The officemate who has the desk next to yours comes in to work one day with a runny nose and a hacking cough and complains of headaches, fever, and chills. Apart from wishing she’d go home and rest for her sake, you might be wishing she’d do it so you and your other coworkers don’t catch whatever flu she’s got. You’re probably also remembering all those nifty tips about proper hand washing procedures and unearthing that bottle of hand sanitizer from your bag or drawer.

Does this scenario sound familiar? It probably happens in just about every office. And what you may not realize is it may already be too late. Research done on ferrets, which are prone to getting the same strains of flu virus humans do and often show the same symptoms as well, indicates that transmission may occur before the first symptom even appears. And while this has yet to be proven in humans, it’s a good enough indicator that you should take preventive action, as far as the flu goes.

For the study, researchers infected ferrets with the same flu strain found in the 2009 swine flu worldwide pandemic, which killed nearly 300,000 people. As the infection progressed, the animals were then placed either in the same cage or in adjacent cages as healthy ferrets. The sick ferrets were able to pass the flu to their healthy counterparts within 24 hours of infection, regardless of whether they were in the same cage or in the cage beside the uninfected ferrets. But the first symptom, fever, only manifested itself 45 hours after infection, and the second, sneezing, only occurred after 48 hours.

The study was published in the open access journal PLoS ONE and conducted by researchers at Imperial College London. Lead study author Professor Wendy Barclay from Imperial College London’s Department of Medicine was frank about the implications of these findings. “It means that the spread of flu is very difficult to control, even with self-diagnosis and measures such as temperature screens at airports,” she is quoted as saying in a press release by her college. “It also means that doctors and nurses who don’t get the flu jab are putting their patients at risk because they might pass on an infection when they don’t know they’re infected.”

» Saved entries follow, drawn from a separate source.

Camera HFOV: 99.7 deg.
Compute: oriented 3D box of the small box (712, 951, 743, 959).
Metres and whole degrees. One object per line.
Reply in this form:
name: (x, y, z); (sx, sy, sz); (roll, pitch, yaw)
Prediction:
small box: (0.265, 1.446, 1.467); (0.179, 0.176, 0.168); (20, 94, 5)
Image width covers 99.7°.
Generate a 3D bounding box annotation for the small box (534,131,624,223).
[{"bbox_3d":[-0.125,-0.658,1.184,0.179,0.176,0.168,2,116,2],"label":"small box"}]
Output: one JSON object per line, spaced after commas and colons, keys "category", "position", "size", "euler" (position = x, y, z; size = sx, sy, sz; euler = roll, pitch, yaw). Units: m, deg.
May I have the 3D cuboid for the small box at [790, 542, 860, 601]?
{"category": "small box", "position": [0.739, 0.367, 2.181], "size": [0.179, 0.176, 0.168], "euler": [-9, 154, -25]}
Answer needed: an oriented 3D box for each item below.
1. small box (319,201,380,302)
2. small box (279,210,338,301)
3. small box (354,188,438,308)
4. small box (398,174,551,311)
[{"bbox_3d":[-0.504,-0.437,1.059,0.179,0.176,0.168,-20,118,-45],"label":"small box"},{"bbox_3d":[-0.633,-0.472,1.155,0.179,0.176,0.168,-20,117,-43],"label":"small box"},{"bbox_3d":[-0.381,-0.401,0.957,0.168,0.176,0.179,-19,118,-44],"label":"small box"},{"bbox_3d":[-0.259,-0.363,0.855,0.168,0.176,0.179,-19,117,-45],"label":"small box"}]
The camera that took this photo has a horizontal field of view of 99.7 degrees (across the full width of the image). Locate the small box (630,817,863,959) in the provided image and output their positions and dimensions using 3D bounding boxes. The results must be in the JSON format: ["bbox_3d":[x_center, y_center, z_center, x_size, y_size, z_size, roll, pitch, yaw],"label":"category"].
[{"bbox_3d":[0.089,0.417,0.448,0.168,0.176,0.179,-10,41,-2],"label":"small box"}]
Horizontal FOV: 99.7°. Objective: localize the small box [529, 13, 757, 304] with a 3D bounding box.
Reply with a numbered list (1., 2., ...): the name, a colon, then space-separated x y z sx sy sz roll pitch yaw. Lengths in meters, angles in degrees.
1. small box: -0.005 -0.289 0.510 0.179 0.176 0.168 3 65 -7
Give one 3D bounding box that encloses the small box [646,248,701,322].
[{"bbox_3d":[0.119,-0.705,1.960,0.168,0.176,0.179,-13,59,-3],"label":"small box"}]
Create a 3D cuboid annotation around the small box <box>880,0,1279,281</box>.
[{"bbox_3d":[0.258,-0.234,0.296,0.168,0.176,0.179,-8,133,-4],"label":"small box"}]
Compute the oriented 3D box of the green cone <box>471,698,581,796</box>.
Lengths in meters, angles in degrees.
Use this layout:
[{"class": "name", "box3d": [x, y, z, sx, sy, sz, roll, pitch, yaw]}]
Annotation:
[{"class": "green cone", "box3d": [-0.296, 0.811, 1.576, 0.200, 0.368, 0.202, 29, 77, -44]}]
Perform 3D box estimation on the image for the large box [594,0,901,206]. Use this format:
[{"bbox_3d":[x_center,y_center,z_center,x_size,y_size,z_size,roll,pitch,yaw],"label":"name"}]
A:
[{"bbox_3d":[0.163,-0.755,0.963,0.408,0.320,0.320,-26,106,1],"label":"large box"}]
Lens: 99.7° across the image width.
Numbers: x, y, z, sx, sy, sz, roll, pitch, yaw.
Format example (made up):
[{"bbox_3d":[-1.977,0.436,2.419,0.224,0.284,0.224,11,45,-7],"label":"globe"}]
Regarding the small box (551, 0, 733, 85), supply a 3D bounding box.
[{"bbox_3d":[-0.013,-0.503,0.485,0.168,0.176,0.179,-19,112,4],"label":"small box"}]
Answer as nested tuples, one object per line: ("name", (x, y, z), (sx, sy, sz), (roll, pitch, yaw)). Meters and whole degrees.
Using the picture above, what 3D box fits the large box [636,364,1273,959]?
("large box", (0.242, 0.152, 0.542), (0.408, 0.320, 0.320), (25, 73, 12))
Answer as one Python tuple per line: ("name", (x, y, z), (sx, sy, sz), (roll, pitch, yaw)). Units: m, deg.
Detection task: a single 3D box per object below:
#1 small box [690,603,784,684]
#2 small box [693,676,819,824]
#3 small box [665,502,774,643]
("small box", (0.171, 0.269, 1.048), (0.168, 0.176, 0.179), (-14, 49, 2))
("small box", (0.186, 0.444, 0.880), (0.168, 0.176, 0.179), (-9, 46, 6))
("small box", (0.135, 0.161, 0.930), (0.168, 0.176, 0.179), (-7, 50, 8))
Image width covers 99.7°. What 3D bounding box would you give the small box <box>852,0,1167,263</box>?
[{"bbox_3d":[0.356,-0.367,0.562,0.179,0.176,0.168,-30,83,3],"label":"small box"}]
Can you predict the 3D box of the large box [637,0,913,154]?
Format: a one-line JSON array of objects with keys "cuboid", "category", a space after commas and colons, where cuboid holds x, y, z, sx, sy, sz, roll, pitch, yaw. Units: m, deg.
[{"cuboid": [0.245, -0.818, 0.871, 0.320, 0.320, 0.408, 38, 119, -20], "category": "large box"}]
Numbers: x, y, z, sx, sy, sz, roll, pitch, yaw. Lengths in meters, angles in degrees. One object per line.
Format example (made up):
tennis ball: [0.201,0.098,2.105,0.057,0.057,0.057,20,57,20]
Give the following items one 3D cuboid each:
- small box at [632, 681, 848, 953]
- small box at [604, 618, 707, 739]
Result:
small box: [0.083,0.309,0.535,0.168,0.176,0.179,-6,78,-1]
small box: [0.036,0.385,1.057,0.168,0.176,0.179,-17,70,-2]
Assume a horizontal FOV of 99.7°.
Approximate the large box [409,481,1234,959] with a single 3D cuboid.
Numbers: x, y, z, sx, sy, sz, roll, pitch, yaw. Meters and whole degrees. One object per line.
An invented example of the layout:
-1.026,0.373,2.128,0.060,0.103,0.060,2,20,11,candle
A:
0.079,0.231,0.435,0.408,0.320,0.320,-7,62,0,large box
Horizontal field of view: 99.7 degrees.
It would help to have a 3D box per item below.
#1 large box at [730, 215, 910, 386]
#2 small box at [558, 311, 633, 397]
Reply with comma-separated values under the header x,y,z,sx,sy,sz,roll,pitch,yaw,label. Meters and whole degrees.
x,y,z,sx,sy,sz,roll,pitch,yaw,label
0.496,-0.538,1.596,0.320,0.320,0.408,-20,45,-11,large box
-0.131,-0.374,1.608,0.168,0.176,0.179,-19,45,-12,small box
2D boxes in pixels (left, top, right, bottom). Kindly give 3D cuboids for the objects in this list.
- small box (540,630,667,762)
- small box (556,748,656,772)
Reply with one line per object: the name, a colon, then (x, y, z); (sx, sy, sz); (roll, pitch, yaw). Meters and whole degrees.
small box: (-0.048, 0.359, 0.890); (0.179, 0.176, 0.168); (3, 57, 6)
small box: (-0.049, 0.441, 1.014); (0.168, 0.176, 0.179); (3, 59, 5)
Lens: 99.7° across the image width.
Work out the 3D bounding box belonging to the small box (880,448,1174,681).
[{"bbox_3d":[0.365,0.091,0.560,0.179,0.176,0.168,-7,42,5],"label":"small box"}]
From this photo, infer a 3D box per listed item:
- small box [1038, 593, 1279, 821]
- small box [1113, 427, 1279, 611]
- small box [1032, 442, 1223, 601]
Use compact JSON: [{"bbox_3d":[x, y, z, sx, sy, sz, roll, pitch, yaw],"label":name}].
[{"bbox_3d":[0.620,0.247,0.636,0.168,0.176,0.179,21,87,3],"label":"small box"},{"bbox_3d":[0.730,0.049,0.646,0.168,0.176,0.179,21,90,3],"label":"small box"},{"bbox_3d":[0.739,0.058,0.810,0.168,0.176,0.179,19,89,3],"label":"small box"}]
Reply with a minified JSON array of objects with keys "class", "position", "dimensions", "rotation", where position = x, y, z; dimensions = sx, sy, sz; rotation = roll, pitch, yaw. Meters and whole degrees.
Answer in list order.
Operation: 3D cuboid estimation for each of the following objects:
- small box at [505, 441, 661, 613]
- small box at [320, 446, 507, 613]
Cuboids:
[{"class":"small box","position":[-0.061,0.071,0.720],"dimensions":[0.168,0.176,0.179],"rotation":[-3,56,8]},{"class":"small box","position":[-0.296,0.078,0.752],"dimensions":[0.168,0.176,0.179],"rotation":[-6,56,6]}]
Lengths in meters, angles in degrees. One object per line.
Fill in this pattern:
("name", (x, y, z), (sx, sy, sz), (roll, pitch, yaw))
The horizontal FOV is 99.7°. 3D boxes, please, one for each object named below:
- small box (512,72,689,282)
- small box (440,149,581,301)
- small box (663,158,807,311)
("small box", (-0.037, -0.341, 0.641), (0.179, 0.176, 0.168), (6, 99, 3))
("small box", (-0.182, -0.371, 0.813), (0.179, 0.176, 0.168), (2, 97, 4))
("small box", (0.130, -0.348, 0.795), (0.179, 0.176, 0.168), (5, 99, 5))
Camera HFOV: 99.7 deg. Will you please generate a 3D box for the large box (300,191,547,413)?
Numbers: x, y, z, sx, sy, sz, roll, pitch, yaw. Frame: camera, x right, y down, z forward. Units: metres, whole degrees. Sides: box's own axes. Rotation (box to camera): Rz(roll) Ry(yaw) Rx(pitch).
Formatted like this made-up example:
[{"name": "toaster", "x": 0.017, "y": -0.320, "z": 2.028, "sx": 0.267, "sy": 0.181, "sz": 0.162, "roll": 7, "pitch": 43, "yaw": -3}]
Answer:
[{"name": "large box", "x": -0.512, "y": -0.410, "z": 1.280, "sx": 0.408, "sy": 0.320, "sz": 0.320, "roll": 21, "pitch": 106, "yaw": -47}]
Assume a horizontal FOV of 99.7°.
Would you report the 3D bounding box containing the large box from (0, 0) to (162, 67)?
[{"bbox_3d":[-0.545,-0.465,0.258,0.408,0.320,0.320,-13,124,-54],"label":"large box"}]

Aside from that, here’s another sobering thing to remember: according to the article, the study’s findings support earlier studies that found that you don’t have to be sneezed on to catch the flu because microscopic droplets of the virus are made airborne as a sick person breathes in and out normally.

On the upside, you can worry less about catching the flu from your friend who’s just recovering from it, as the researchers found that after five or six days, during the late stages of infection and when the symptoms have started to subside, infection was much less common.

Still, given this information, you may want to start paying more attention to those public health advisories about washing your hands properly and frequently, and you may want to start carrying around a bottle of hand sanitizer with you.